Danijel Zezelj, drawing from the story Princess, 2004. Image courtesy Isabella Stewart Gardner Museum.

About twenty percent of the New Britain Museum’s permanent holdings comprise popular art ephemera, but Pulp Art: The Robert Lesser Collection vaults beyond a nod to historical American curiosities. The show is extensive, and curated with the same attention to research, historical context, and cataloguing as, say, an exhibit of Winslow Homer or Thomas Hart Benton. Original paintings, which were the models for pulp magazine covers, are displayed along with the actual magazines featuring those works on their covers. The paintings jump with remarkably vibrant colors, hardly dimmed by the passage of many decades. They were created for commercial purposes and thus not coated, allowing the colors to retain their brilliance, according to NBMAA Director Douglas Hyland. The fact that the subjects are scantily clad women in peril; visions of strange, futuristic worlds; and fedora-topped gumshoes fighting criminals with blazing .45s only adds to the delightful whiplash effect one feels while viewing these images in a traditional temple of fine art.

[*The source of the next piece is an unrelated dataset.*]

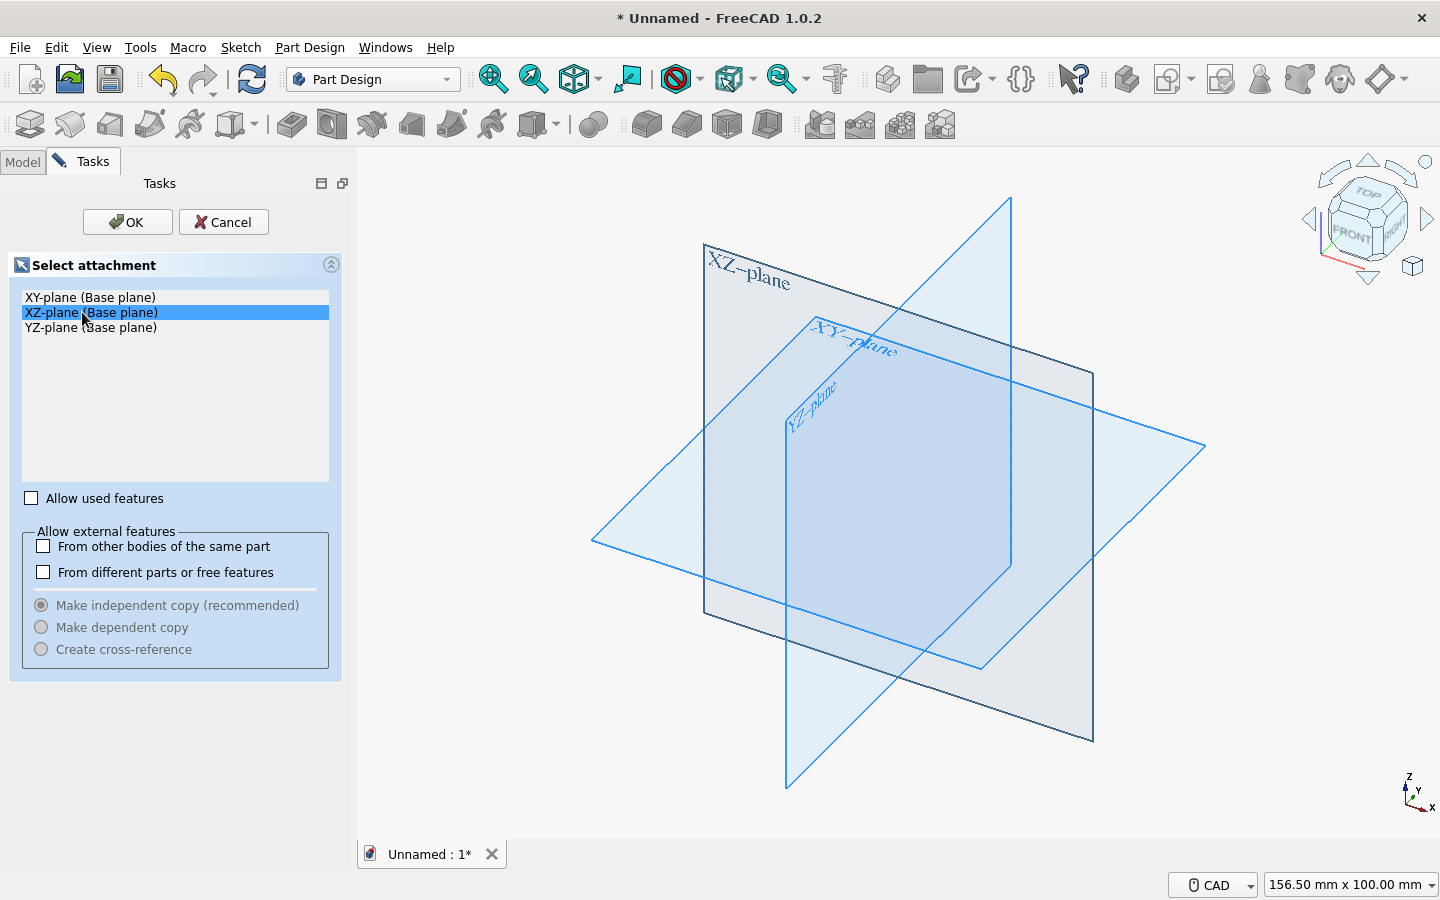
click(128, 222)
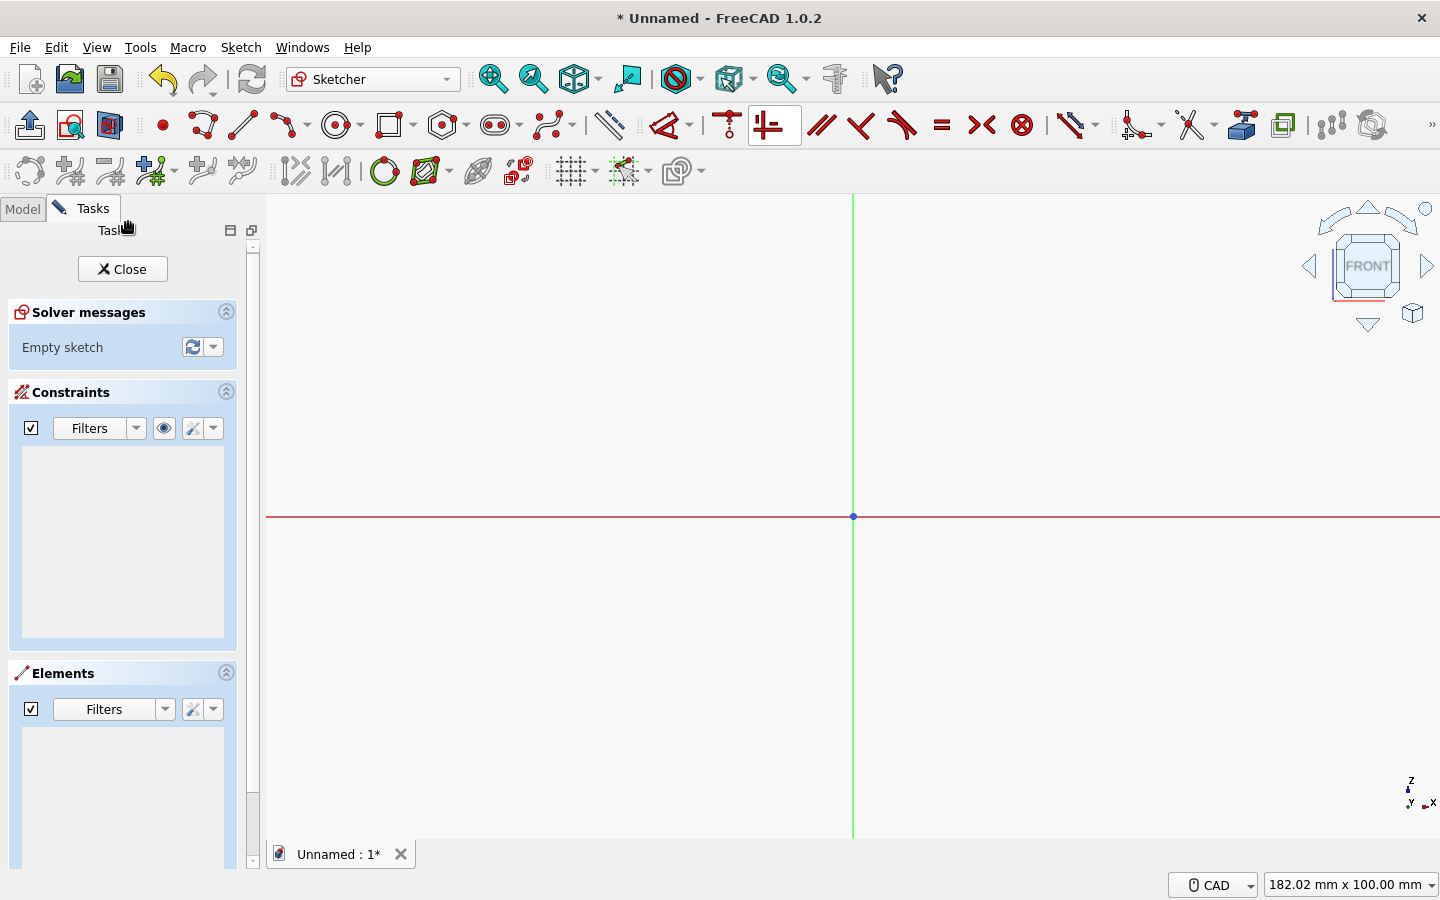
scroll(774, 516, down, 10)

“Lowbrow is very highbrow now,” Hyland says. “People love the colors, the situations, and the humor in cartoon, comic, and pulp art. There is no narration, for instance, in abstract expressionism.”

Marc Hempel, Breathtaker (cover illustration for Breathtaker #1), 1990. © Marc Hempel.

Stephanie Plunkett, chief curator at the Rockwell Museum, says that LitGraphic was a natural show for the museum to put together. A Rockwell exhibit of the art of Charles M. Schulz, creator of Peanuts, a few years ago was very successful, Plunkett says. “It was an exciting moment, because it recognized the importance of a comic contributor. Like Rockwell, Schulz reached iconic status in the culture.”

“We are a museum of illustration art,” Plunkett continues. “Visual storytelling is the basis of what we do. We look at all facets of illustration. Pictures made for the masses have tremendous breadth. We saw that graphic novels, long-form comic books, were taking off in a big way. When we started looking at the possibility of doing a show about five years ago, there were just a few publishing houses. Most artists did self-publishing. Now, it’s remarkable to see that every major publisher has a graphic novel imprint. They’re used in schools and popular in libraries. They’re being looked at very differently.”

 

 

Steve Starger is the Connecticut regional reviews editor for Art New England. He is the co-author of Wally’s World: The Brilliant Life and Tragic Death of Wally Wood, The World’s Second-Best Comic Book Artist (Vanguard Productions, 2006).